Este glossário reúne os termos que aparecem com maior frequência nos catálogos de RUO, nos certificados de análise e na literatura técnica sobre investigação peptides. Aqui encontrará definições claras de moléculas comuns, conceitos de qualidade, tais como HPLC e LC-MS, e noções básicas de classificação, estabilidade e documentação analítica.

Na 24Peptides , damos prioridade à rastreabilidade dos lotes, à análise independente por entidades externas e à transparência documental. A informação contida nesta página tem caráter educativo e está orientada para a investigação. Os materiais RUO destinam-se exclusivamente a fins de investigação, não se destinando a uso humano e sendo reservados apenas a pessoas com mais de 18 anos de idade.

O que são as investigações peptides

Um péptido é uma cadeia de aminoácidos ligados por ligações peptídicas. Na investigação, estas moléculas são utilizadas como ferramentas para estudar a sinalização celular, a interação com os recetores, a inflamação, o metabolismo, a barreira epitelial e outros processos biológicos. A sequência é normalmente descrita do N-terminal ao C-terminal, e pequenas alterações nessa sequência podem alterar substancialmente a atividade observada.

A diferença entre um péptido e uma proteína não depende apenas do número de aminoácidos, mas, na prática, peptides são geralmente mais curtos e mais fáceis de caracterizar. Neste contexto, um bom glossário não se deve limitar ao nome da molécula. Deve também explicar como interpretar a pureza, a identidade, o sal ou o contra-ião, a liofilização, a reconstituição e o certificado de análise, uma vez que esses dados influenciam diretamente a interpretação de um material RUO.

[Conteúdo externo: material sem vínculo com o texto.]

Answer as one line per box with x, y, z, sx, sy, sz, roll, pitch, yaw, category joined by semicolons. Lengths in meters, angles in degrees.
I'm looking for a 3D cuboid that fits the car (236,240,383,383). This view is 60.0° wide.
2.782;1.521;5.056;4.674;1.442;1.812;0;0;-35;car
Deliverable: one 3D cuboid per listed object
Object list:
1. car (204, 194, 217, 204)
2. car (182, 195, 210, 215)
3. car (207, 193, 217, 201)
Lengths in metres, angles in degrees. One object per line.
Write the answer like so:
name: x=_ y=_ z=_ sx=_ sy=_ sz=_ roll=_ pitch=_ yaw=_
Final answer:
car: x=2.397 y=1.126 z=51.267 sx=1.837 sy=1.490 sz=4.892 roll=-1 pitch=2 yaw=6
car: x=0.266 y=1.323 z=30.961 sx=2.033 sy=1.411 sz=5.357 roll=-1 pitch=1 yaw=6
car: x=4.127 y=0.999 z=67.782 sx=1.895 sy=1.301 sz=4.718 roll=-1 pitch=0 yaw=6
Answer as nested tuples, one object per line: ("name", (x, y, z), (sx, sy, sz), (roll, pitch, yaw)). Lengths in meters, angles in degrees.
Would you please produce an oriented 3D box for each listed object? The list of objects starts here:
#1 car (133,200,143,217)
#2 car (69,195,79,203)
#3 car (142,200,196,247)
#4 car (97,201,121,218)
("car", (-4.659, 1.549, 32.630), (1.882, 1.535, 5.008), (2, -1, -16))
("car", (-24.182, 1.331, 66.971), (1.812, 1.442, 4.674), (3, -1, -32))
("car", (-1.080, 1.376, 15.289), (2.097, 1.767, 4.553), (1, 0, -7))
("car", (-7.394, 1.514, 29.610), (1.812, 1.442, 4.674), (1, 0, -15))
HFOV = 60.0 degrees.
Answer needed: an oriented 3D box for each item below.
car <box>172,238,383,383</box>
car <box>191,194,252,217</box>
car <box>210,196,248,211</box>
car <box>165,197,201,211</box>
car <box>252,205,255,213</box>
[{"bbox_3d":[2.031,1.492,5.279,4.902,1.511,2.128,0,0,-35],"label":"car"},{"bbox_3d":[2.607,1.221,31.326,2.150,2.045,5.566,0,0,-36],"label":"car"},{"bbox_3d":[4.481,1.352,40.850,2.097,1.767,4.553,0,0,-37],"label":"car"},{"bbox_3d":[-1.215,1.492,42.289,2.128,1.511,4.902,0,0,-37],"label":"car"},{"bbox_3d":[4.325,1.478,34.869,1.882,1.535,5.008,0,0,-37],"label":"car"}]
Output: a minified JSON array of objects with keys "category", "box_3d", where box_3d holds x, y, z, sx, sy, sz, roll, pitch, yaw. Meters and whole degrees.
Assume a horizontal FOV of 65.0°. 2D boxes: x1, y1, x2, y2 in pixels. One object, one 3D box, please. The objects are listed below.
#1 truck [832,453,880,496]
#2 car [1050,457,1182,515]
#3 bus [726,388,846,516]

Como são classificadas as « peptides »

Por função biológica

Uma forma útil de as classificar é de acordo com a via biológica que estudam. Isto inclui, por exemplo, as incretinas e os agonistas relacionados com o GLP-1, os secretagogos do eixo do GH, os imunomoduladores peptides, os neuroativos peptides e os peptides utilizados na investigação dermatológica ou cosmética. Esta classificação ajuda a explicar por que razão moléculas muito diferentes aparecem juntas no mesmo catálogo.

Por estrutura química

Também podem ser classificadas de acordo com a sua arquitetura. Existem sequências lineares e cíclicas peptides, sequências com pontes dissulfureto, complexos peptídico-metálicos, como o GHK-Cu, e análogos modificados para alterar a estabilidade, a afinidade ou a meia-vida. Dois nomes semelhantes não garantem equivalência se a sequência, o comprimento da cadeia ou a modificação química forem diferentes.

Por contexto experimental

Outra classificação relevante distingue os « peptides » endógenos, os análogos sintéticos, os fragmentos de sequências naturais e os compostos relacionados, que por vezes são agrupados por afinidade de pesquisa, mesmo que não sejam « peptides » no sentido estrito. Por conseguinte, quando se questiona quais são os « peptides » mais utilizados, é frequentemente mais útil referir-se a famílias de investigação do que a uma única lista fechada.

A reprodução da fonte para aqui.